_What to produce_.
Where the line containing "#1 person (528,707,544,716)" appears below, begin there and reproduce each line exactly through the last one, omitting pictures.
┌────────
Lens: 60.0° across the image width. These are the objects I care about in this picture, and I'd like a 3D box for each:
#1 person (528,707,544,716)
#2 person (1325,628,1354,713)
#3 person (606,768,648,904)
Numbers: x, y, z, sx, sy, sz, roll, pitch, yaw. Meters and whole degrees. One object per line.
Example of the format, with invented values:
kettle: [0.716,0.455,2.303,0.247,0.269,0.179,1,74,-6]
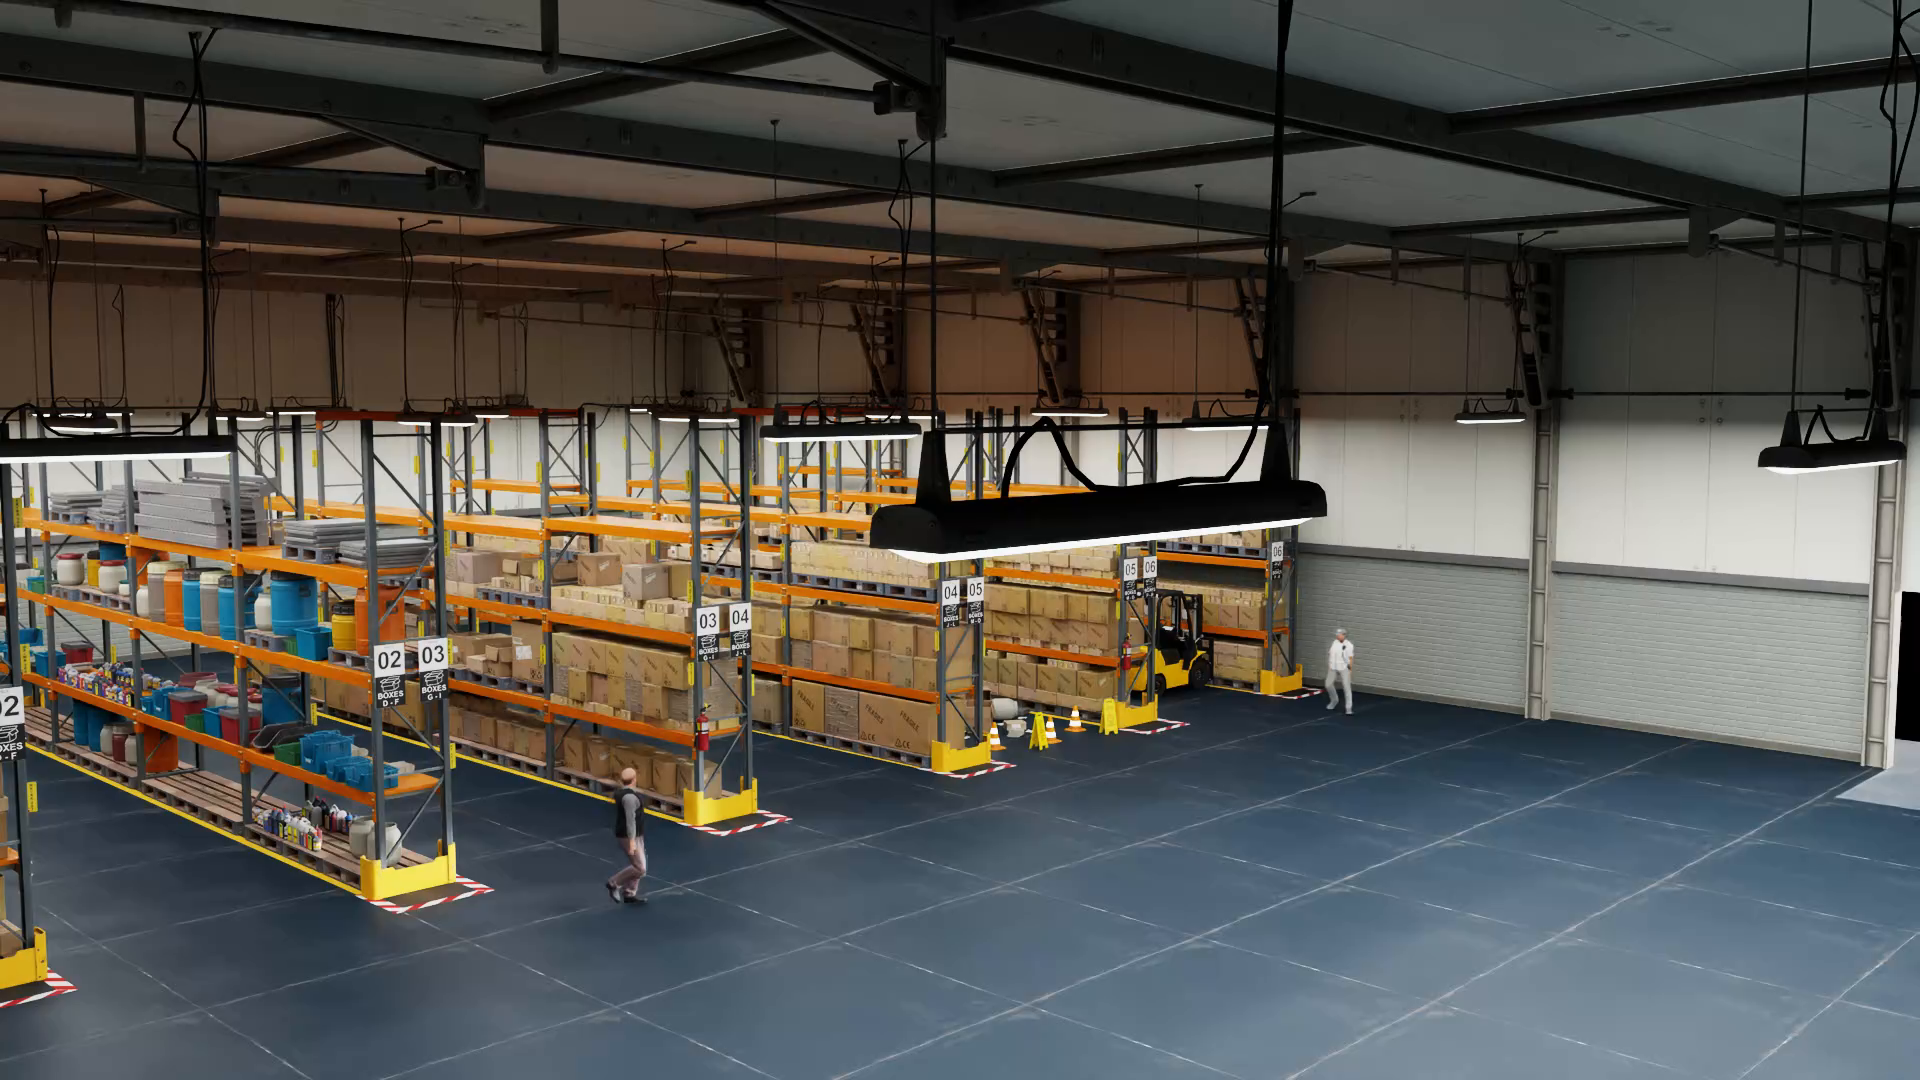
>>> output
person: [-8.013,2.626,31.874,0.740,1.701,1.070,-4,7,-41]
person: [7.548,2.578,32.953,0.591,1.681,0.444,4,6,38]
person: [-4.095,3.653,20.488,0.520,1.706,0.547,0,5,4]
└────────
_Response below_.
#1 person (528,707,544,716)
#2 person (1325,628,1354,713)
#3 person (606,768,648,904)
Numbers: x, y, z, sx, sy, sz, roll, pitch, yaw. Meters and whole degrees. One object per line.
Example of the format, with invented values:
kettle: [0.716,0.455,2.303,0.247,0.269,0.179,1,74,-6]
>>> output
person: [-8.013,2.626,31.874,0.740,1.701,1.070,-4,7,-41]
person: [7.548,2.578,32.953,0.591,1.681,0.444,4,6,38]
person: [-4.095,3.653,20.488,0.520,1.706,0.547,0,5,4]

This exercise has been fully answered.